I feel strongly that as a society we do not talk about menopause or understand the effect it has on the women going through it. This affects half the population and everyone can benefit from a clearer understanding of this time in a women’s life. During the preparation for this show I realised that I had never even discussed menopause with my own daughters! Our society seems to expect women to ‘suffer in silence’ and ‘be strong and carry on’ – and this thought perpetuates.

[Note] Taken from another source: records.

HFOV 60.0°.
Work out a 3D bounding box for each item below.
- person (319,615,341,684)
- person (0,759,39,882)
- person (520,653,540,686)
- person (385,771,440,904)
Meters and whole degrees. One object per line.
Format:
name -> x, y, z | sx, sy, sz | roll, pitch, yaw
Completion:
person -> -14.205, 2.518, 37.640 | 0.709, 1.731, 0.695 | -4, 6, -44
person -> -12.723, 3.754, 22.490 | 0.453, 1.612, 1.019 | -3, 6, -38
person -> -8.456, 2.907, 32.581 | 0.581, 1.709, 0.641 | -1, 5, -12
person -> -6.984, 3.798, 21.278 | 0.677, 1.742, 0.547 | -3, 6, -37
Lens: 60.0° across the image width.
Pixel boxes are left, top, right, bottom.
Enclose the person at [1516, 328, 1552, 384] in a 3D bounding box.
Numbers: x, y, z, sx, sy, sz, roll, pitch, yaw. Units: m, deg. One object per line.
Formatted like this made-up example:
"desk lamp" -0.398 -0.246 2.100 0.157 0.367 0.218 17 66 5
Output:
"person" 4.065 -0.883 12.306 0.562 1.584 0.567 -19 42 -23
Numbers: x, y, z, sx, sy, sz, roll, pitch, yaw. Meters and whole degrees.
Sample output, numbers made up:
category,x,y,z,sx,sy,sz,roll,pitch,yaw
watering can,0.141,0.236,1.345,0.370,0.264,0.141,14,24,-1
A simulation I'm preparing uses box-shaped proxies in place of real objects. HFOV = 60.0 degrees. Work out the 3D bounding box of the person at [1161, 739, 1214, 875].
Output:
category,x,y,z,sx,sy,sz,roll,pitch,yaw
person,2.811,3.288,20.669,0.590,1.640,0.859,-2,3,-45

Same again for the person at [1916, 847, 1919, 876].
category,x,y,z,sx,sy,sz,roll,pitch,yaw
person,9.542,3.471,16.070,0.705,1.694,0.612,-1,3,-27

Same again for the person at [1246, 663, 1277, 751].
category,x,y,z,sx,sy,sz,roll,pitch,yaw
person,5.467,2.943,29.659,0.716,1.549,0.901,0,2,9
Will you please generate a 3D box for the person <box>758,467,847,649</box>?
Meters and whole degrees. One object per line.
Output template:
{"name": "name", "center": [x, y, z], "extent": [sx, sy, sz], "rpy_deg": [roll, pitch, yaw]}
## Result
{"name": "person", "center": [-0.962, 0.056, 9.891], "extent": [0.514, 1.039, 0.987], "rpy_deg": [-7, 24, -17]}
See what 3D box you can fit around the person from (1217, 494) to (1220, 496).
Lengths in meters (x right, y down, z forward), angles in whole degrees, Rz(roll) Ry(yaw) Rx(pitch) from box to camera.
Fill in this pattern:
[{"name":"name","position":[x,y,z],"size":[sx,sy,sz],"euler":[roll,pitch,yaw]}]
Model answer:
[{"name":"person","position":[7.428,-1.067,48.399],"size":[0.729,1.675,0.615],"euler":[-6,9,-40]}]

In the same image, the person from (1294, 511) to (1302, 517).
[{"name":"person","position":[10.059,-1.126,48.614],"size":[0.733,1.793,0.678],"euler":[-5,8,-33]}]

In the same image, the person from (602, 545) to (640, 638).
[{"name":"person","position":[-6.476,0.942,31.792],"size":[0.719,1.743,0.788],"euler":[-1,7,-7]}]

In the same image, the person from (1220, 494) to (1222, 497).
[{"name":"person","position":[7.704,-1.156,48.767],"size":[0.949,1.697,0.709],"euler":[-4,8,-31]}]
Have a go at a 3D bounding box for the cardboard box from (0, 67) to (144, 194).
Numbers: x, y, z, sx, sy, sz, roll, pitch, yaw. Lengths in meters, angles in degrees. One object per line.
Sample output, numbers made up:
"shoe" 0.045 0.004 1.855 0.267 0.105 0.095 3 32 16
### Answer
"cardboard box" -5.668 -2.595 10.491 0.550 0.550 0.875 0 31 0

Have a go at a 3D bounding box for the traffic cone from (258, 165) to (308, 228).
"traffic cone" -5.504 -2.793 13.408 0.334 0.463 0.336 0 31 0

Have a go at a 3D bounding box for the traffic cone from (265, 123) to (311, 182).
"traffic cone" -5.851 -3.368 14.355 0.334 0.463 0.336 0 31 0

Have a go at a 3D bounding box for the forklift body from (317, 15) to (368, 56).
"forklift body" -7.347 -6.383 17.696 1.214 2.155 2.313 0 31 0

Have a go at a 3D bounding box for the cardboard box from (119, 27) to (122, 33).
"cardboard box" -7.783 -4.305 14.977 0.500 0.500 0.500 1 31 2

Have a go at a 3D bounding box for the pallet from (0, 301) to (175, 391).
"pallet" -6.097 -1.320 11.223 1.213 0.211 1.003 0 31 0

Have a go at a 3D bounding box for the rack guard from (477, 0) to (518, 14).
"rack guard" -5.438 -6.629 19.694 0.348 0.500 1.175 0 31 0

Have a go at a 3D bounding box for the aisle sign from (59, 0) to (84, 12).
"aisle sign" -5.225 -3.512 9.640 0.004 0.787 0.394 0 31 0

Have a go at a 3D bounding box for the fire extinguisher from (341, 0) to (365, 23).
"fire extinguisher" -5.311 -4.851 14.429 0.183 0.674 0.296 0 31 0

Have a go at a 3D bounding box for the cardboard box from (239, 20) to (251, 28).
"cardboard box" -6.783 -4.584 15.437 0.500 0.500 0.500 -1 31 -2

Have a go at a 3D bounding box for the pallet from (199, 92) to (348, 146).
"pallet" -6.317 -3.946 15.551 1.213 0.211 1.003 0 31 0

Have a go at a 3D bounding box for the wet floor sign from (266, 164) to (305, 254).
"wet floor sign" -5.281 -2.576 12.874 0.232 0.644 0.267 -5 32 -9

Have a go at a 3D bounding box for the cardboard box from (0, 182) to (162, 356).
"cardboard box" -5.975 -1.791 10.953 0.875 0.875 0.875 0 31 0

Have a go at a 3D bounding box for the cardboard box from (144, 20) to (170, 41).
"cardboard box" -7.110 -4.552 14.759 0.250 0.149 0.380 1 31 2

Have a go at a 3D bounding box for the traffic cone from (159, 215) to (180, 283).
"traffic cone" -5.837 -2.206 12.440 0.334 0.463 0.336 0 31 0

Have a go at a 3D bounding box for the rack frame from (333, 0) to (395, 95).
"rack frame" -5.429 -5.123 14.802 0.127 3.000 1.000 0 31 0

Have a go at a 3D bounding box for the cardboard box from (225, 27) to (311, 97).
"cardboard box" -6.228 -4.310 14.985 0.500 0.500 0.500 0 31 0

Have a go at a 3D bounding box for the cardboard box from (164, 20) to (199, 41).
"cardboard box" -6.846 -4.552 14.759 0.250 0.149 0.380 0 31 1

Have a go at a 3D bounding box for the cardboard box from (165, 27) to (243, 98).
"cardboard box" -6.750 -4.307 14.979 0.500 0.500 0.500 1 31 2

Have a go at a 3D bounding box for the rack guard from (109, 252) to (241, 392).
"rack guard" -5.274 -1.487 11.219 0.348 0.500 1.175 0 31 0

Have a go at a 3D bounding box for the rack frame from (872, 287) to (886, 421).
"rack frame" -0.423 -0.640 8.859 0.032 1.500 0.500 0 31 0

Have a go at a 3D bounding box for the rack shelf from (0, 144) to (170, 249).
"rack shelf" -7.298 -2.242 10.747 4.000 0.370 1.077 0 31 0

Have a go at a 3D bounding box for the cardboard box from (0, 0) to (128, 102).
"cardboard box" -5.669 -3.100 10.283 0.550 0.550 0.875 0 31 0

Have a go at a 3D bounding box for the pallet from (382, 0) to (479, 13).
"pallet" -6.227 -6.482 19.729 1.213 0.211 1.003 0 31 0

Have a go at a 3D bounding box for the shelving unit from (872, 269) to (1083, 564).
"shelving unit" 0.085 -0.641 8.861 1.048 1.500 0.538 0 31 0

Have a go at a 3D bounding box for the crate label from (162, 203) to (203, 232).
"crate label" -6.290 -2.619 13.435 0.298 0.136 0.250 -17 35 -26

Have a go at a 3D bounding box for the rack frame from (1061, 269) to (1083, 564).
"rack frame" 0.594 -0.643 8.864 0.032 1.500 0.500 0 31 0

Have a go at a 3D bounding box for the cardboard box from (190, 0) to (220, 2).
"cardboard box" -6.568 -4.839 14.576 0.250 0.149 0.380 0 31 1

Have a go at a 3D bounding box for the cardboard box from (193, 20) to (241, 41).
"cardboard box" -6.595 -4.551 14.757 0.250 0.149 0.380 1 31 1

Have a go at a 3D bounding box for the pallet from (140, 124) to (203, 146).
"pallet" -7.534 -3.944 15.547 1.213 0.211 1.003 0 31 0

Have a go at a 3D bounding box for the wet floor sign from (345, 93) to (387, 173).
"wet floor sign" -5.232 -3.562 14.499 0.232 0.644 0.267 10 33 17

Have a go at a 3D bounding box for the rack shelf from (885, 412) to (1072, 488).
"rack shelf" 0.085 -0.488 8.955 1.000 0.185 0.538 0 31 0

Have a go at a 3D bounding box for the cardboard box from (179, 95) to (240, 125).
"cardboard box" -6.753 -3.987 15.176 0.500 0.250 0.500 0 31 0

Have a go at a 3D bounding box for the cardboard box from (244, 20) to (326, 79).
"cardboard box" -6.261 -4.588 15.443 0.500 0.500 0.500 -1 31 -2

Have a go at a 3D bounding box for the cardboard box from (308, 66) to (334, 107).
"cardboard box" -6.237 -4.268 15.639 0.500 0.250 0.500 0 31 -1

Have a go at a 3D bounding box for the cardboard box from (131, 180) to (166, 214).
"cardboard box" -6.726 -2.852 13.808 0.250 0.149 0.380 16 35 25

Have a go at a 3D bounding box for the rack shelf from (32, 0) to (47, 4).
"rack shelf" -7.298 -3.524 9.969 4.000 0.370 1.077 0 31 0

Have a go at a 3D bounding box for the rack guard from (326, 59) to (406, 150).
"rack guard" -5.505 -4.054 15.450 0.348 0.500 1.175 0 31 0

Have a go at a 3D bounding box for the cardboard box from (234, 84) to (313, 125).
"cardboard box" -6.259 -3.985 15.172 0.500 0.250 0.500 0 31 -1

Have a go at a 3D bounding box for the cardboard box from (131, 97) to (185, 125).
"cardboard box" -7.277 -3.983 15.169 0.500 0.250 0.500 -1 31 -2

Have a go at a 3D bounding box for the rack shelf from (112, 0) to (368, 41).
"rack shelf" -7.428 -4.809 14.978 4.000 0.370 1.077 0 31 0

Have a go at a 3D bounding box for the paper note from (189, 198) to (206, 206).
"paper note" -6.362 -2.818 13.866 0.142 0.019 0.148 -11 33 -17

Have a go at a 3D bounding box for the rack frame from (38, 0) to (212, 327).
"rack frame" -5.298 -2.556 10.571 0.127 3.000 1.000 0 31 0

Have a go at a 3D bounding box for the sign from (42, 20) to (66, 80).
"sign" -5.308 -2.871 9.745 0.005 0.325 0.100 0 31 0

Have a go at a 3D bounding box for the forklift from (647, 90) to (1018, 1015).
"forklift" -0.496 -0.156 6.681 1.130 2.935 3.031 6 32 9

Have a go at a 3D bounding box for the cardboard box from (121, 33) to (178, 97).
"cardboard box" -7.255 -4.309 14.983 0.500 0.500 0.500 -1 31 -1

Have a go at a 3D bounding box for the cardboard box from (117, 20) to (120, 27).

My work for this show came from real life events that I experienced recently:

  • ‘Heat Shield – 458 ’ 2018 – An armour-plated tunic made from the wrappers of HRT patches over the last two years, which took several weeks to sew. This represents every single patch I have used. HRT was a life saver for me, the hot flushes I experienced were intolerable.  See pictures here >>
  • ‘Yellow’ 2017 – Mixed media. I worked on this piece for many weeks before settling on this presentation. I started it the day I found out I had not even been given an interview for a job I was well qualified and able to do. The rejection was extremely painful (and came after other similar rejections) and so I felt completely invisible to the world of work once I turned 50.
  • ‘Red’ 2016 – Mixed media – making this work was therapeutic when I was experiencing some extreme symptoms of the menopause.
  • ‘Blue’ 2018 – Watercolour – I wrote this poem on a day in 2015 when I felt I had finally lost my mind.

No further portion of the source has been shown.